Privateers were not usually paid regular wages. Their compensation was a share of their plunder. Officially, privateers were expected to return the captured plunder to their home port where the admiralty courts would condemn the plunder and auction off the spoils. The government kept the largest share and the rest of it went to the privateer and his crew as payment.

You can see it wouldn’t take much to tempt a privateer to resent the government taking a majority of the plunder, since the privateer was the one risking everything with no guarantee of success; whereas the government risked nothing. Kind of like today’s IRS.

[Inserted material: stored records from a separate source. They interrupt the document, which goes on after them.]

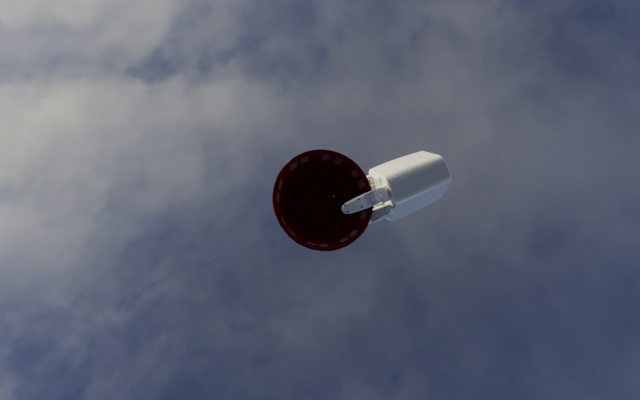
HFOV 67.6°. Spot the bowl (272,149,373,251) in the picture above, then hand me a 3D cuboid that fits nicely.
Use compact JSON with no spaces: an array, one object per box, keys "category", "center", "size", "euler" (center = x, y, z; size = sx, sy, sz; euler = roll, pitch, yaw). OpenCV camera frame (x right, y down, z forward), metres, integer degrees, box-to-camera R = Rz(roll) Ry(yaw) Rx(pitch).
[{"category":"bowl","center":[-0.001,0.003,0.767],"size":[0.162,0.162,0.055],"euler":[0,-10,-13]}]
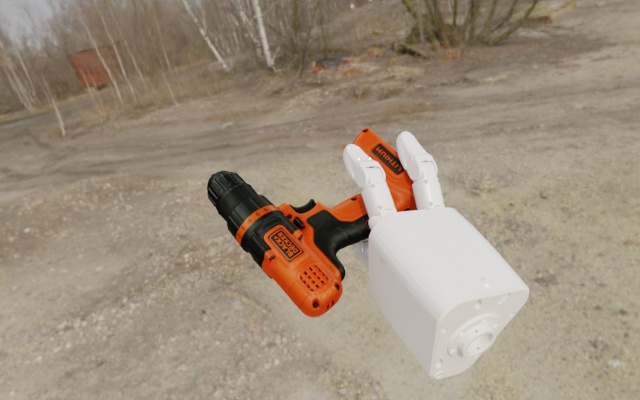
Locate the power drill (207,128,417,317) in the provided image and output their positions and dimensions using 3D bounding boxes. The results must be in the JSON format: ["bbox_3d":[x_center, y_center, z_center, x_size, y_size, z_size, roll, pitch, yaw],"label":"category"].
[{"bbox_3d":[0.001,0.002,0.494,0.187,0.184,0.057,-35,-22,-22],"label":"power drill"}]
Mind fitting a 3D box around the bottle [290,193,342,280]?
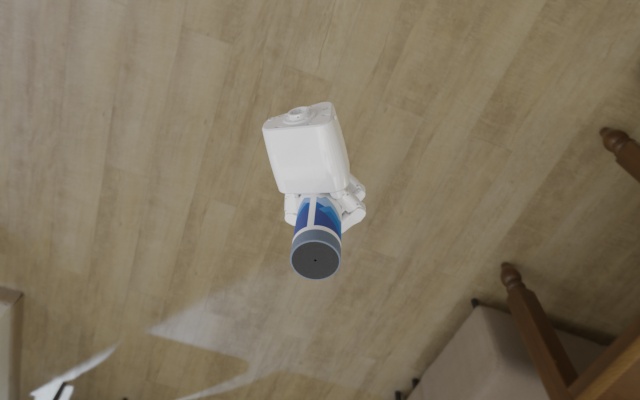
[{"bbox_3d":[0.000,0.003,0.744,0.069,0.069,0.295,0,31,3],"label":"bottle"}]
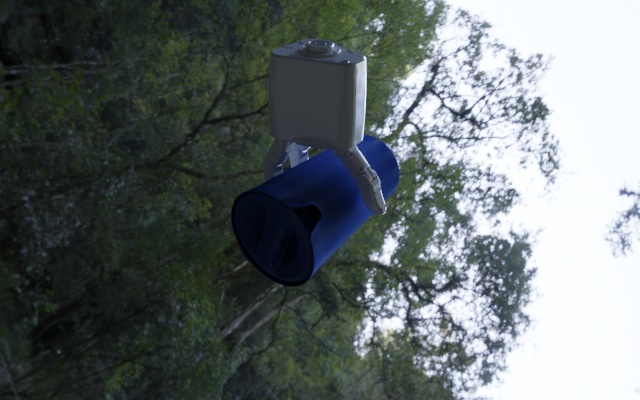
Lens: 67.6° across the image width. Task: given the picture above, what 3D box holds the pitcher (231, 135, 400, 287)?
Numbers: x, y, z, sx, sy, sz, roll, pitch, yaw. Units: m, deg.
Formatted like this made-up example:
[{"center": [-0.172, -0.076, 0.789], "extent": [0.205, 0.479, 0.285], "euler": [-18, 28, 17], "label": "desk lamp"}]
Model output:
[{"center": [0.000, 0.002, 0.662], "extent": [0.149, 0.145, 0.242], "euler": [21, 38, 30], "label": "pitcher"}]
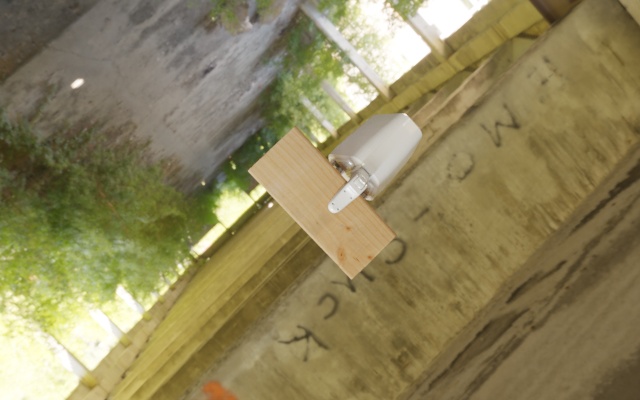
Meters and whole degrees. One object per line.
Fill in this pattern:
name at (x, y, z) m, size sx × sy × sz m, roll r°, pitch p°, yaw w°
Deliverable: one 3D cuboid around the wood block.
wood block at (0.001, 0.002, 0.688) m, size 0.090 × 0.206 × 0.091 m, roll -44°, pitch 6°, yaw -3°
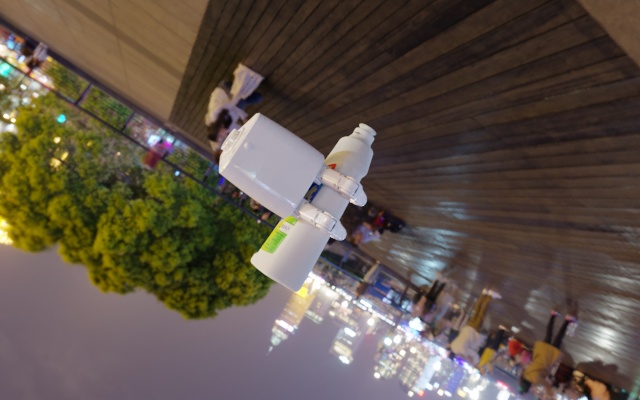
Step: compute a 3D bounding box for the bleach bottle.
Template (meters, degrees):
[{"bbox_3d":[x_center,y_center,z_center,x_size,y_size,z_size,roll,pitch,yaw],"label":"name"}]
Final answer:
[{"bbox_3d":[0.000,0.002,0.680,0.068,0.251,0.102,35,-8,-19],"label":"bleach bottle"}]
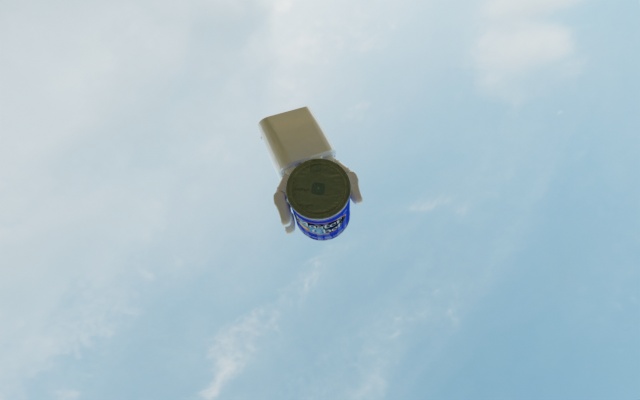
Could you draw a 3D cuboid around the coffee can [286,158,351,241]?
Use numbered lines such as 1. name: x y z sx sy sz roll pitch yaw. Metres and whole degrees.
1. coffee can: 0.000 0.003 0.812 0.103 0.102 0.140 0 -19 3
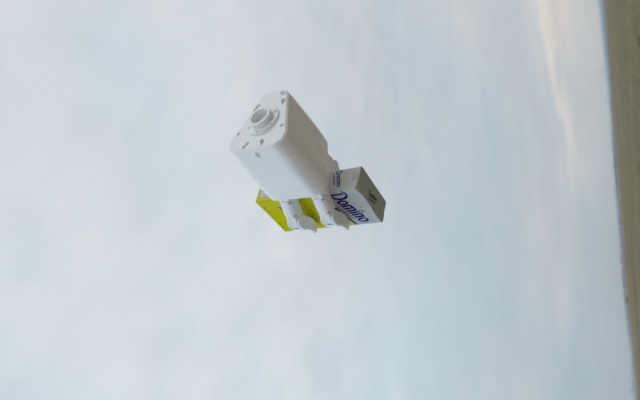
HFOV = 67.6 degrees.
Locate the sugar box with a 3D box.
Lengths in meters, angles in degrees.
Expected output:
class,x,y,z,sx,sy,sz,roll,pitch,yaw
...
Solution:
class,x,y,z,sx,sy,sz,roll,pitch,yaw
sugar box,0.000,0.003,0.725,0.176,0.048,0.093,-6,-37,32
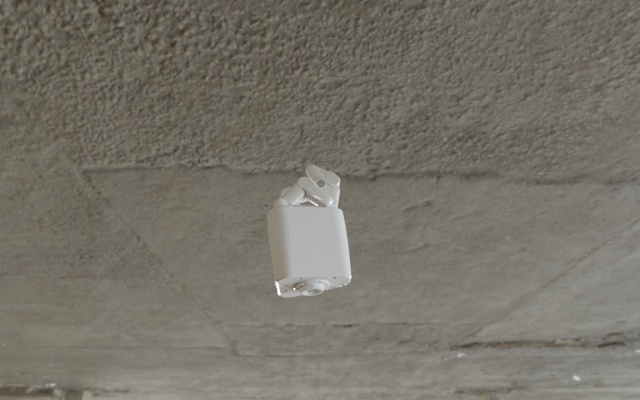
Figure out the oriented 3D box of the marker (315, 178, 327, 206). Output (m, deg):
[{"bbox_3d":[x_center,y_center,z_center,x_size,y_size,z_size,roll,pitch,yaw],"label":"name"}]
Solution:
[{"bbox_3d":[0.000,0.002,0.772,0.020,0.020,0.121,0,-28,0],"label":"marker"}]
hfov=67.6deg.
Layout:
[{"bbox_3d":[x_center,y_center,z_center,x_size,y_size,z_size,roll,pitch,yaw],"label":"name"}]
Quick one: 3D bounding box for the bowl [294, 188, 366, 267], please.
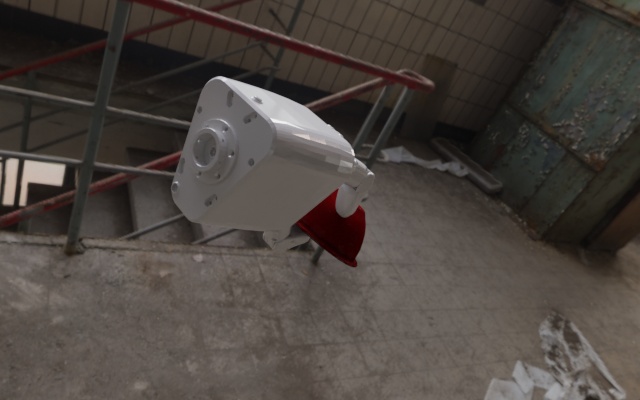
[{"bbox_3d":[0.001,0.002,0.551,0.162,0.055,0.162,43,4,-4],"label":"bowl"}]
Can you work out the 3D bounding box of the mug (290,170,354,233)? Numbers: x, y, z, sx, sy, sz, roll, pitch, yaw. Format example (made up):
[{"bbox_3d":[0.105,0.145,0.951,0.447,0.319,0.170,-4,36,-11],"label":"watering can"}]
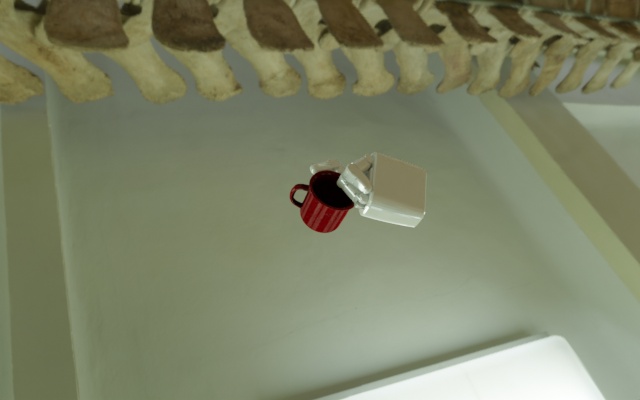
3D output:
[{"bbox_3d":[-0.001,0.003,0.872,0.117,0.093,0.081,15,-43,-13],"label":"mug"}]
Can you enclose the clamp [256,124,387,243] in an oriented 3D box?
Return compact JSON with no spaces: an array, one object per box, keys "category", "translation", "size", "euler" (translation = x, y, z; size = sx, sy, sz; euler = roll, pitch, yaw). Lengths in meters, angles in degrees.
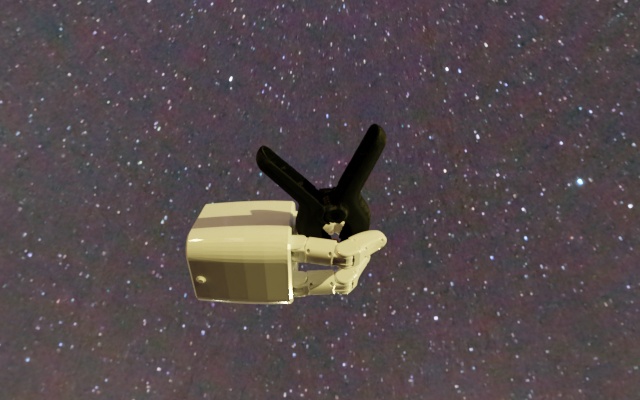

The risk for the privateer is magnified considering the enemy, regardless of whether the privateer has a letter of marque or not, looks like a pirate, smells like a pirate, acts like a pirate, and thus when caught, is treated like a pirate – hanging at the gallows and their bodies were gibbeted outside the harbor as a warning to other pirates. Any legal protections were only effective with interactions with their own government and its allies.

In today’s world, a privateer could be seen as a seaborne militia of sorts. Not part of the sponsoring nation’s official navy but more an irregular military force.

A brief mention of management aboard a pirate ship.

Unlike an official naval vessel where harsh discipline and strict orders apply, the captain of a privateering vessel would still have to maintain control over his crew. On board a privateering ship, the captain and members of the crew were free to determine their own targets and destinations so long as they were legal under the terms of the Letter of Marque.

So as in the case of Henry Avery where privateering was the initial contracted purpose of the Charles II; once the original terms were violated by those sponsoring the journey, it wasn’t difficult to turn good men from privateering to piracy.

Making the transformation is as simple as choosing to ignore the terms of the Letter of Marque and begin seizing ships of any flag. As a pirate, they now served no nation, would not share any of the plunder, and were free to attack any ship under any flag. Often times the decision to turn pirate was made by the crew with a simple majority vote. In other cases when the captain wished to remain with their legal contract as a privateer, he faced mutiny, in which the crew would overthrow and replace him with a new captain, who would then engage in piracy.

Privateer-turned-pirates include such famous pirates as Captain Kidd, Henry Morgan, Blackbeard (Edward Teach), Sir Francis Drake, and lesser-known Robert Culliford

The 1800s brought privateering to an end. The Paris Declaration of 1856 outlawed the practice and was signed by the major European powers – including the naval powers of Great Britain and France. Because the United States claimed outlawing privateering put the United States at a disadvantage, being such a young nation, it rejected the declaration, as it lacked a large navy – but ultimately, the United States did not commission any privateers after 1815. With the rise of standing armies and navies, privateering became obsolete.

A bit of detail about a Letter of Marque.

In some cases, a Letter of Marque could simply be purchased. Other times they were even given out for free. They became an effective way to gain firepower without the usual costs of waging war and at the same time keeping pirates targeting an enemy rather than their own nation. A Letter of Marque also served as a tool where those nations issuing them could earn revenue from the letters’ sales and the percentage of the plunder.